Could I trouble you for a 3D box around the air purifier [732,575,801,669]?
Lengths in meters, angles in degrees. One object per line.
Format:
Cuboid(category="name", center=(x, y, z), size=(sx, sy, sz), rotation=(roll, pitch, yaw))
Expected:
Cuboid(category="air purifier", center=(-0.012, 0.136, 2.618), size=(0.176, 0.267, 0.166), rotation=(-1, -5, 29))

> **Task requirements**
Retype every entry, keeping each character as it was.

> **Answer to this exercise**
Could I trouble you for a 3D box around the air purifier [732,575,801,669]?
Lengths in meters, angles in degrees. One object per line.
Format:
Cuboid(category="name", center=(x, y, z), size=(sx, sy, sz), rotation=(roll, pitch, yaw))
Expected:
Cuboid(category="air purifier", center=(-0.012, 0.136, 2.618), size=(0.176, 0.267, 0.166), rotation=(-1, -5, 29))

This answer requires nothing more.